The RCSB Protein Data Bank, headquartered at Rutgers University–New Brunswick, which has transformed biology and medicine by impacting research, education and drug discovery worldwide, has a lot more digital data storage space thanks to Amazon Web Services (AWS).

The new partnership with Amazon.com, Inc.’s cloud-computing arm and Open Data Sponsorship Program is providing the Protein Data Bank with more than 100 terabytes of storage for no-cost delivery of information to millions of scientists, educators and students throughout the world who are working in fundamental biology, biomedicine, bioenergy, bioengineering and biotechnology. The partnership with Amazon has more than doubled the data bank’s digital storage capacity at Rutgers.

“Since 1971, the global Protein Data Bank has enabled basic, translational and clinical research by providing open access to three-dimensional biostructure information at the atomic level,” said Stephen K. Burley, director of the RCSB Protein Data Bank and founding director of the Rutgers Institute for Quantitative Biomedicine, where the data bank is based. “Open access to Protein Data Bank information is central to accelerating scientific discoveries for the benefit of all humanity.”

The Protein Data Bank stores nearly 190,000 experimentally determined 3D structures of proteins, DNA and RNA that are freely available with no limitations on usage. The archive is jointly managed by the Worldwide Protein Data Bank partnership that involves data centers in the U.S., Europe and Asia. The U.S. data center is operated by the RCSB PDB at Rutgers, the San Diego Supercomputer Center at the University of California, San Diego and the University of California, San Francisco. The RCSB PDB has been operating the U.S. data center for the global Protein Data Bank for more than 20 years.

“The Protein Data Bank plays an important role in facilitating discovery and development of life-changing drugs,” said Burley, who co-leads the Cancer Pharmacology Research Program at Rutgers Cancer Institute of New Jersey. “Freely available 3D biostructure data constitute a public good with far-reaching impacts on patients and their families.”
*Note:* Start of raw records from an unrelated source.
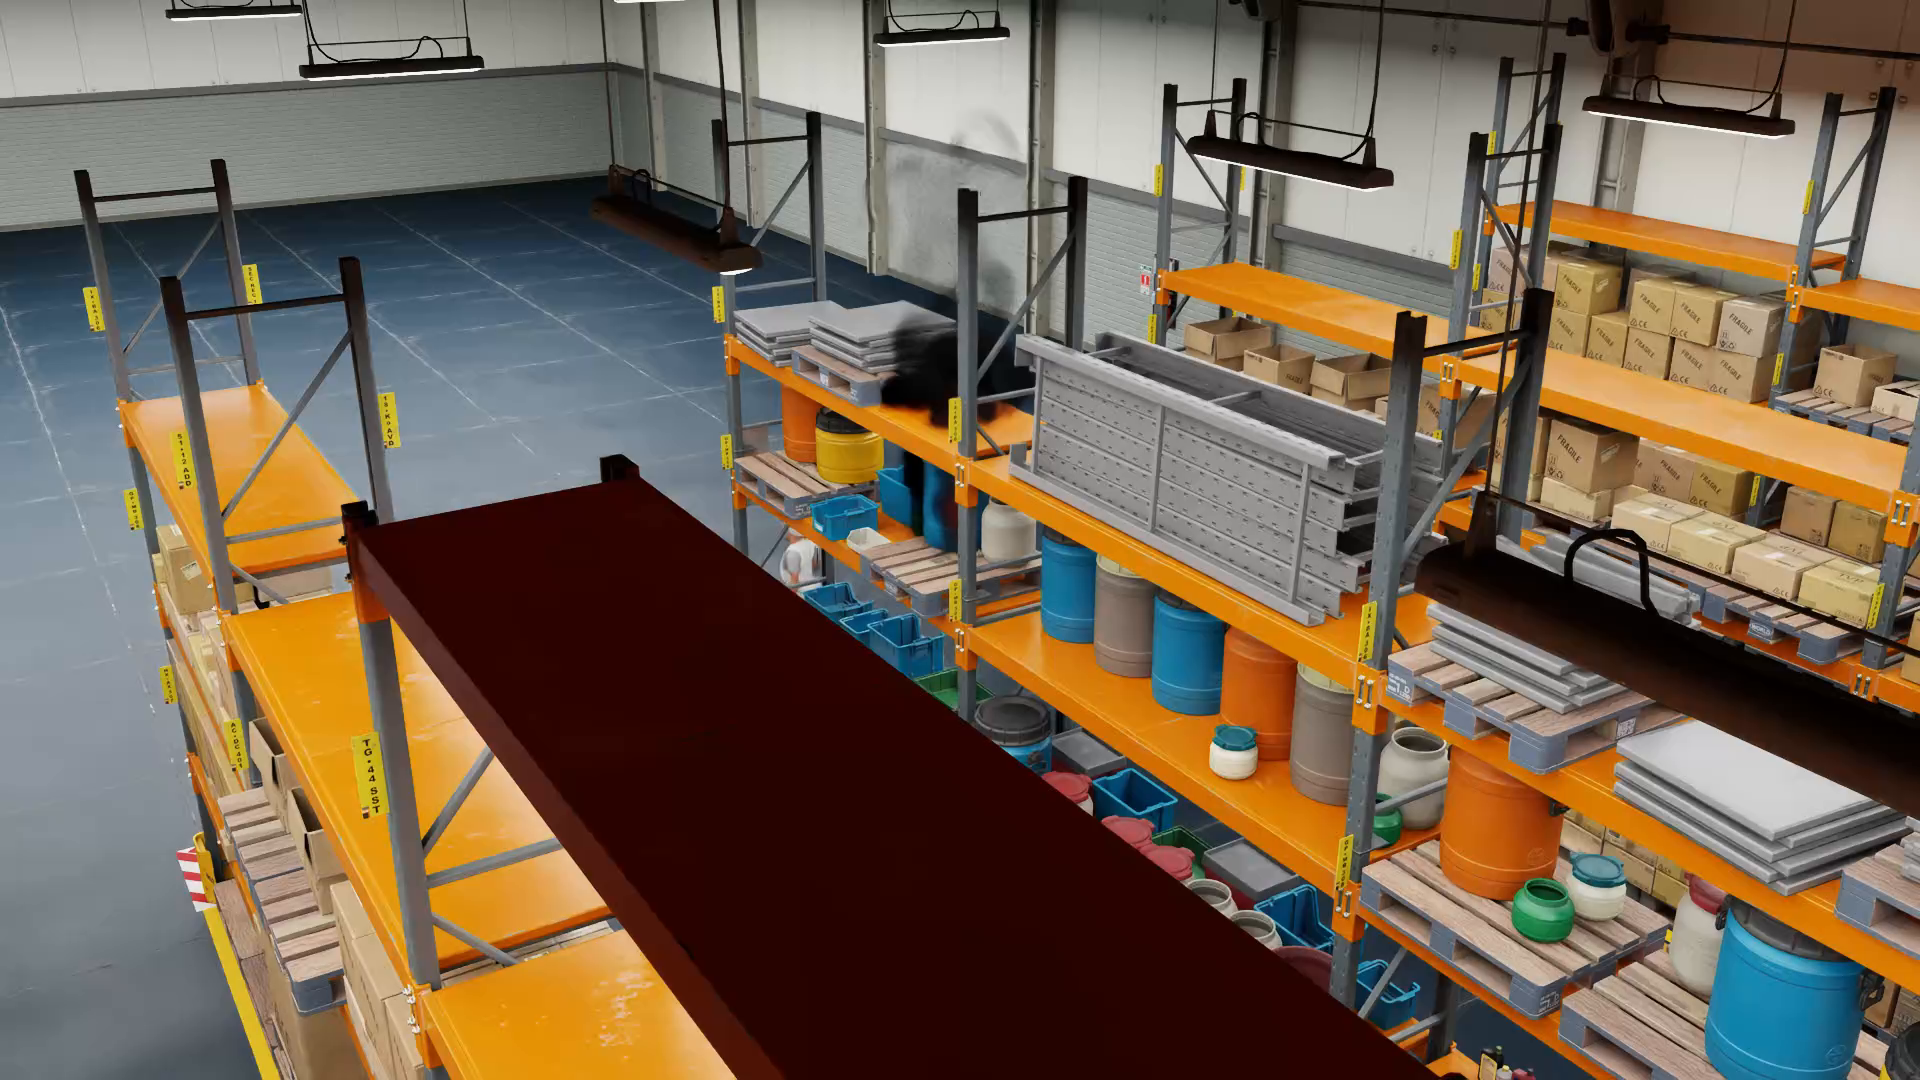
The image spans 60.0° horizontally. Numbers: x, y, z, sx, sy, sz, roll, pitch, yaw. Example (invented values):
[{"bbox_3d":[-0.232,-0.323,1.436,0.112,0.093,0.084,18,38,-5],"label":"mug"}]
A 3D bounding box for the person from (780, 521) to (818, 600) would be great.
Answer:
[{"bbox_3d":[-1.662,0.589,17.605,0.627,1.749,0.650,6,23,16],"label":"person"}]
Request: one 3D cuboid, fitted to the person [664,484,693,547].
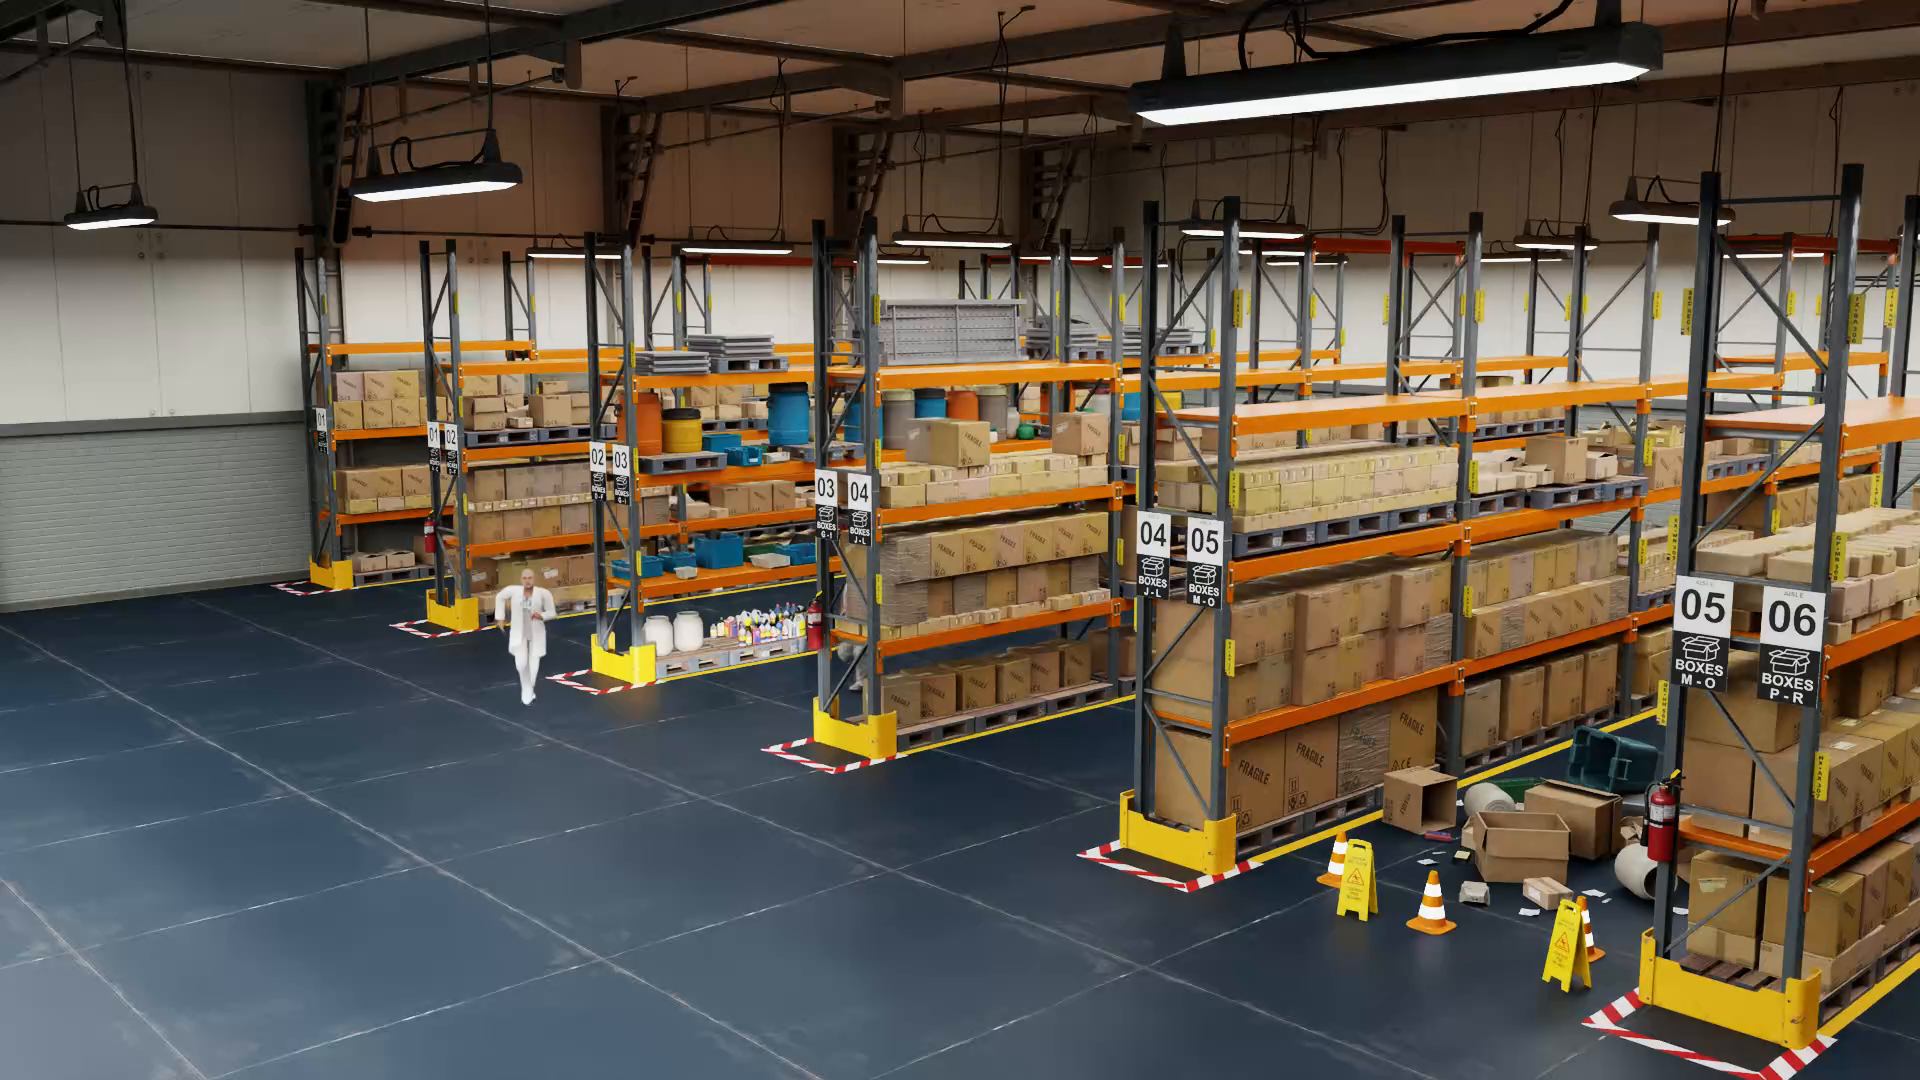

Burley, a University Professor who holds a Henry Rutgers Chair, is an expert in structural biology, molecular biophysics, computational biology, data science, structure-guided/fragment-based drug discovery and clinical medicine/oncology and used the PDB resources even before he came to Rutgers.

Researchers using data stored in the Protein Data Bank have published more than 2 million scientific papers, some of which have helped researchers and pharmaceutical companies tackle major health challenges, including heart disease, cancer, diabetes, Alzheimer’s disease, HIV-AIDS and  COVID-19.

Under the new program, AWS is covering the cost of storage and extraction for publicly available, high-value cloud-optimized datasets. Working with data providers, AWS aims to:

  • Provide open access to data by making it available for analysis on AWS
  • Develop new cloud-native techniques, formats and tools that lower the cost of working with data
  • Encourage the development of communities that benefit from access to shared datasets

“Access to open data sets is improving the way the scientific community can collaborate and accelerate life-changing discoveries,” said Josh Weatherly, director of U.S. education, state and local government verticals at AWS. “The Protein Data Bank provides a vast and diverse repository for researchers in government, academia and industry to use to develop diagnostics, vaccines, drugs, and other therapeutic treatments.”